The defendant appealed his conviction citing the expired warrant. The government responded by claiming that a warrant was not necessary because they did not violate his expectation of privacy by placing a device on the vehicle and doing what they could have done with teams of detectives following him.
Justice Scalia wrote the majority decision in which the Court held that installation of the GPS device was an occupation of private property for purposes of gathering information about the suspect. According to the majority, such activities on the part of the government were a violation of the Fourth Amendment.
What is noteworthy about the case is the concurring opinion written by Justice Alito in which he argued that the Court should have ignored the private property rationale and come to the same conclusion on pure expectation of privacy grounds. Justice Alito wrote that people have an expectation of privacy even as to their public movements. This could open the doors for a future ruling from the Court in a case involving security cameras in public places.
Note: The other case involved using infrared sensors to target random houses to see if people were growing marijuana inside the house. The infrared sensors not only showed the pot, but showed people inside their homes. The Supreme Court said that was too big a privacy intrusion.
Imagine walking into a garage sale to buy a TV. Imagine walking into a dealership to trade in your car. Imagine giving a present to a child. Now imagine that every time you performed one of these actions, you had to call LG, or Ford, or Playskool to get permission to re-sell or gift an item to someone else. Ludicrous, right? But, if you are John Wiley and Sons, that is exactly what you were asking the Supreme Court to do by restricting the right of first resale. First resale allows you to “own” the item’s copyright/trademark once you have paid for it. In other words, the company (within restrictions) can no longer control what is done with the item, where it is sold, etc. This is a massive, blossoming issue.

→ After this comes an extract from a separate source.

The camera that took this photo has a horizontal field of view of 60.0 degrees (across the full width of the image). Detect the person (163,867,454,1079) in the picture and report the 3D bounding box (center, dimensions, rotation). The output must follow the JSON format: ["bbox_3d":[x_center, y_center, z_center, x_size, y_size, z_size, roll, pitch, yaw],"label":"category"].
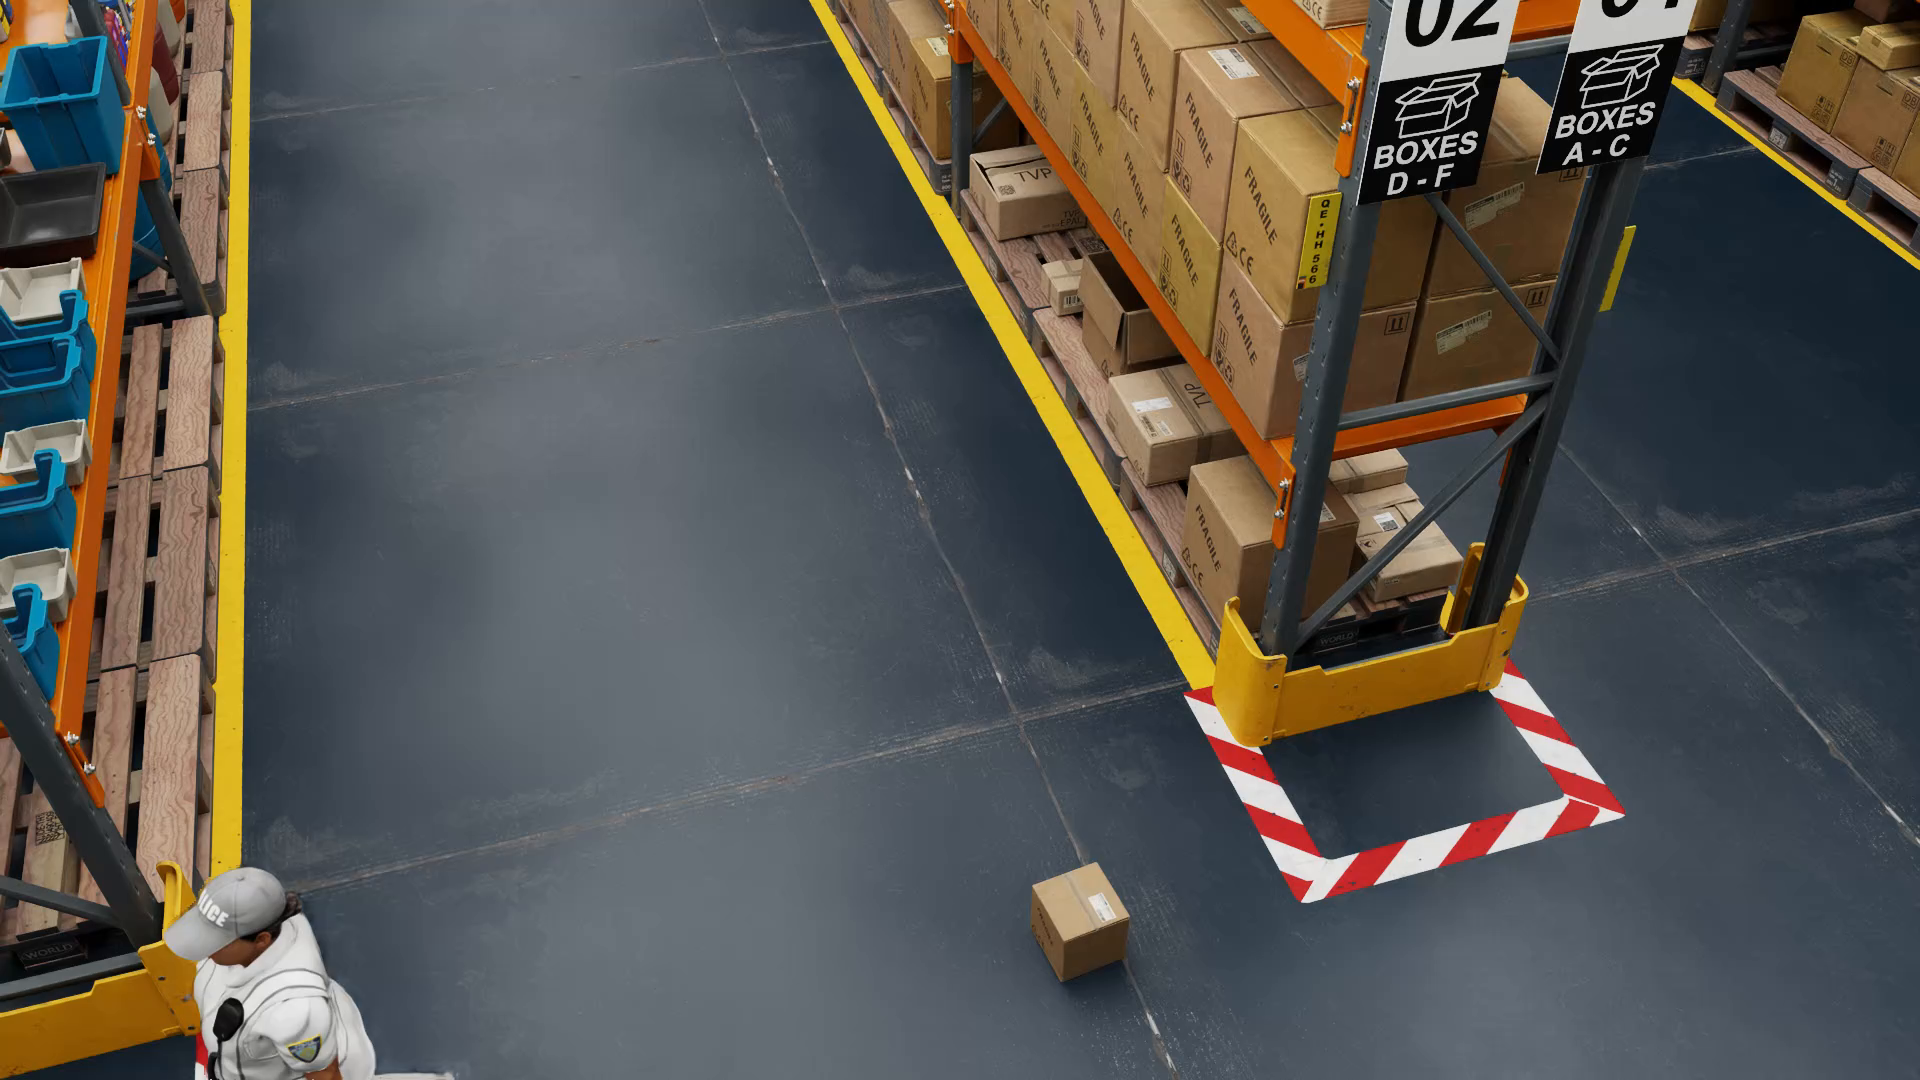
[{"bbox_3d":[-1.766,1.436,4.566,0.615,1.648,0.482,-20,46,-21],"label":"person"}]

Did you know that the same medication that is sold to you for hundreds of dollars is sold to the similar situated person in some random country for less than $5. This is not because of government regulation or Canadian subsidies, it is for profit. Person in random country could never buy that drug for hundreds, so Americans are basically subsidizing the world market. America subsidizes the market for thousands and thousands of items. An enterprising young man figured out that college textbooks are really, really expensive and that he could get the same textbook in random country for 1/10 of the American market. He bought these books overseas, imported them, sold them on Amazon etc. for 5/10 the cost on the US market. Sounds like capitalism to me!
Kirtsaeng v. John Wiley & Sons, Inc., 133 S.Ct. 1351 (2013)
The first sale doctrine of copyright law was the issue before the Supreme Court in a case involving a Thai national who subsidized his tuition expenses by selling used textbooks in the U.S. that he purchased in Thailand. Business was good and the enterprising book reseller netted a profit of $100,000. The publisher of some of the books resold by the student filed a lawsuit claiming copyright infringement.
A technical point raised by the publisher was that the books in question were printed in Thailand under a license granted by the publisher and not in the U.S. The argument was that copyright laws give the purchaser of a book the right to resell it, but this only applied if the books were printed by the publisher.
The Supreme Court rejected the publisher’s argument by noting that to accept it would require libraries to obtain licenses from a publisher before they could lend a book. The Court said that once a book that is printed by the publisher or by an overseas company under a license from the publisher, the first sale doctrine applies and the publisher loses the right to object to resale of the book.